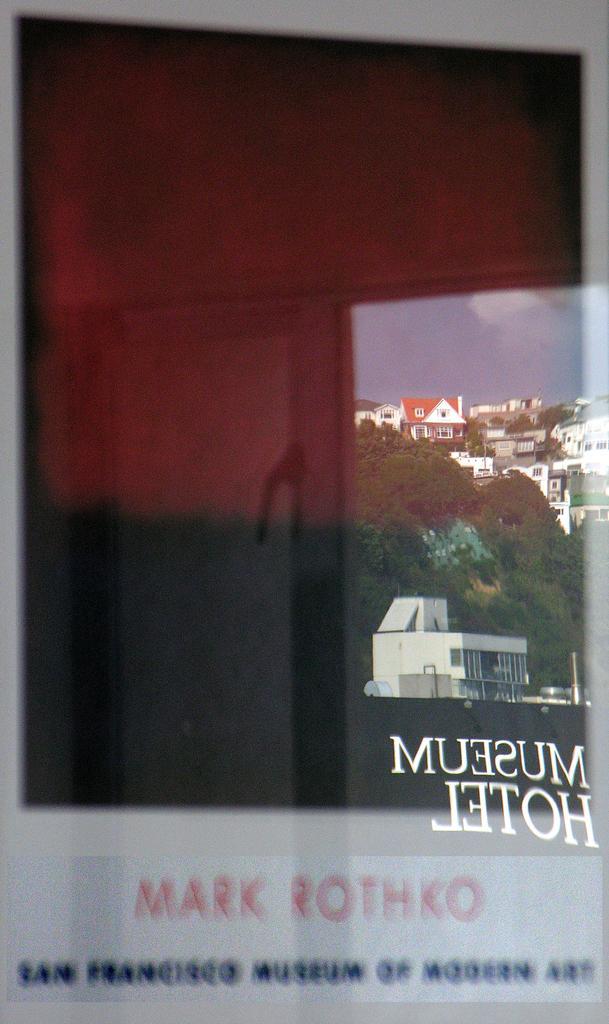In one or two sentences, can you explain what this image depicts? In this image there is glass, on that glass there are houses,trees and a sky are reflecting. 
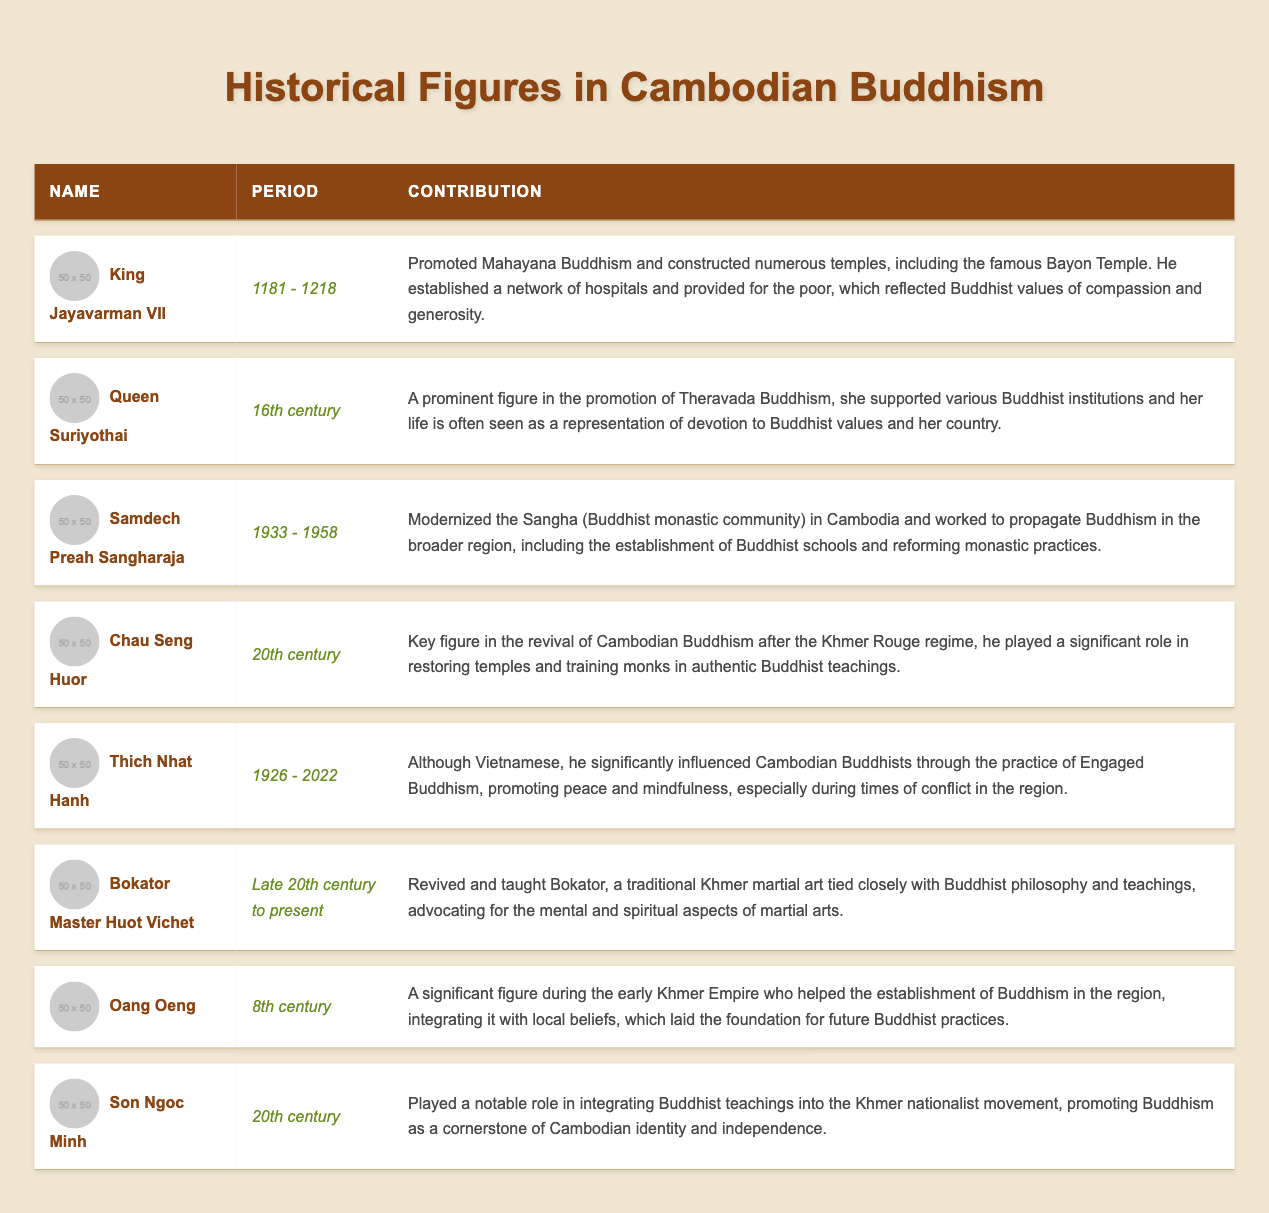What is the contribution of King Jayavarman VII? The table lists King Jayavarman VII's contribution as promoting Mahayana Buddhism and constructing numerous temples, including the famous Bayon Temple. He also established hospitals and provided for the poor, embodying Buddhist values.
Answer: He promoted Mahayana Buddhism and constructed temples, established hospitals, and provided for the poor In which period did Queen Suriyothai contribute to Buddhism? According to the table, Queen Suriyothai is noted to have contributed during the 16th century.
Answer: 16th century Did Samdech Preah Sangharaja modernize the Sangha in Cambodia? The entry for Samdech Preah Sangharaja in the table indicates that he modernized the Sangha and worked on propagating Buddhism. This means that the statement is true.
Answer: Yes Which figure is associated with the revival of Cambodian Buddhism after the Khmer Rouge regime? The table identifies Chau Seng Huor as the key figure in the revival of Cambodian Buddhism after the Khmer Rouge regime, indicating his significant role in restoring temples and training monks.
Answer: Chau Seng Huor How many figures listed contributed in the 20th century? There are three figures in the table who contributed in the 20th century: Chau Seng Huor, Son Ngoc Minh, and Thich Nhat Hanh. Therefore, the total is three.
Answer: Three Was Oang Oeng a significant figure during the early Khmer Empire? The table describes Oang Oeng as a significant figure during the early Khmer Empire who integrated Buddhism with local beliefs, indicating that this statement is true.
Answer: Yes What were the contributions of Thich Nhat Hanh to Cambodian Buddhism? The table states that Thich Nhat Hanh influenced Cambodian Buddhism through Engaged Buddhism, promoting peace and mindfulness during conflicts, demonstrating his impactful contributions.
Answer: He promoted Engaged Buddhism, peace, and mindfulness Who was the first figure to promote Buddhism during the 8th century? The table indicates that Oang Oeng was the significant figure in the 8th century who helped establish Buddhism in the region.
Answer: Oang Oeng
^^^^
▶ What is required: Gather each line of the listing containing the word "indicates" and show it.

▶ Your solution:
Answer: 16th century Did Samdech Preah Sangharaja modernize the Sangha in Cambodia? The entry for Samdech Preah Sangharaja in the table indicates that he modernized the Sangha and worked on propagating Buddhism. This means that the statement is true.
Answer: He promoted Engaged Buddhism, peace, and mindfulness Who was the first figure to promote Buddhism during the 8th century? The table indicates that Oang Oeng was the significant figure in the 8th century who helped establish Buddhism in the region.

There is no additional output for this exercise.